— WHAT NEEDS TO BE DONE —
Return each line exactly, beginning with the one that has "Annotation: one 3D" and finishing with the final line of the material. Drop any pictures.

[INFORMATION PROVIDED Boundary: Start]

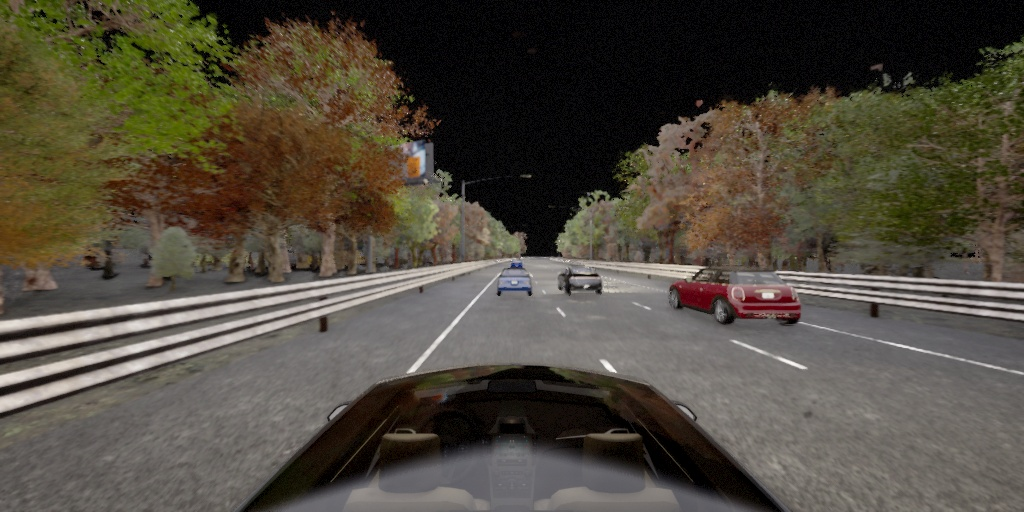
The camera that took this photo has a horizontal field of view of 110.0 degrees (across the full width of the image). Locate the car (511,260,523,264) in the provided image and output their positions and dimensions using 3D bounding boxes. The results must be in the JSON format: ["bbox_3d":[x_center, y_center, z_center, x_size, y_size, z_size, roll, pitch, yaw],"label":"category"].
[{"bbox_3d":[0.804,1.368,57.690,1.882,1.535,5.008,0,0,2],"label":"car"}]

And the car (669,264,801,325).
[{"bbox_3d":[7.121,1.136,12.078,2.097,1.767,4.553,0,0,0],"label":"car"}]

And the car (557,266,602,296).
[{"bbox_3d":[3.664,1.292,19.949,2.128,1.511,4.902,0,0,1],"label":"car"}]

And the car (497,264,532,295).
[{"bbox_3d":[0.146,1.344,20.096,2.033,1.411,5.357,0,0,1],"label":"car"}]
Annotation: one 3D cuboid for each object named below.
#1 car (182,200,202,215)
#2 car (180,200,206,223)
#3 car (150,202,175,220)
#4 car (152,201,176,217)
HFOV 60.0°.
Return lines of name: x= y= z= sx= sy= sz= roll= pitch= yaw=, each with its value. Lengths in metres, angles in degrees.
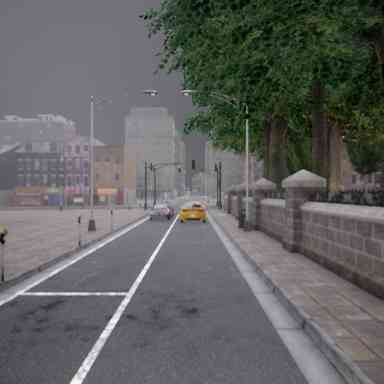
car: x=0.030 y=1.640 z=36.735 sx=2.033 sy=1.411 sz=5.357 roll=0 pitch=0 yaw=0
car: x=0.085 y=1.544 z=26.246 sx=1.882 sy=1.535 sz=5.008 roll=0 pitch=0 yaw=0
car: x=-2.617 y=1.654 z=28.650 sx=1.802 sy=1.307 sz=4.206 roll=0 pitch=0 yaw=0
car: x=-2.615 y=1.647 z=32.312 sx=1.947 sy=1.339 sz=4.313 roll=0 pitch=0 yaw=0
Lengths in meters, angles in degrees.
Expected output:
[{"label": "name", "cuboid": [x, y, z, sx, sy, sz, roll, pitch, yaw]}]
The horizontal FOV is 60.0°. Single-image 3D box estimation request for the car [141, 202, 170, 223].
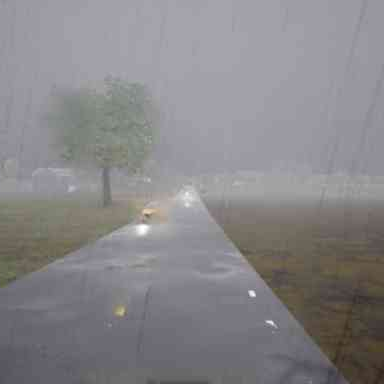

[INFORMATION PROVIDED Boundary: End]

— TASK ANSWER —
Annotation: one 3D cuboid for each object named below.
#1 car (182,200,202,215)
#2 car (180,200,206,223)
#3 car (150,202,175,220)
#4 car (152,201,176,217)
HFOV 60.0°.
Return lines of name: x= y= z= sx= sy= sz= roll= pitch= yaw=, each with its value. Lengths in metres, angles in degrees.
car: x=0.030 y=1.640 z=36.735 sx=2.033 sy=1.411 sz=5.357 roll=0 pitch=0 yaw=0
car: x=0.085 y=1.544 z=26.246 sx=1.882 sy=1.535 sz=5.008 roll=0 pitch=0 yaw=0
car: x=-2.617 y=1.654 z=28.650 sx=1.802 sy=1.307 sz=4.206 roll=0 pitch=0 yaw=0
car: x=-2.615 y=1.647 z=32.312 sx=1.947 sy=1.339 sz=4.313 roll=0 pitch=0 yaw=0
Lengths in meters, angles in degrees.
Expected output:
[{"label": "name", "cuboid": [x, y, z, sx, sy, sz, roll, pitch, yaw]}]
The horizontal FOV is 60.0°. Single-image 3D box estimation request for the car [141, 202, 170, 223].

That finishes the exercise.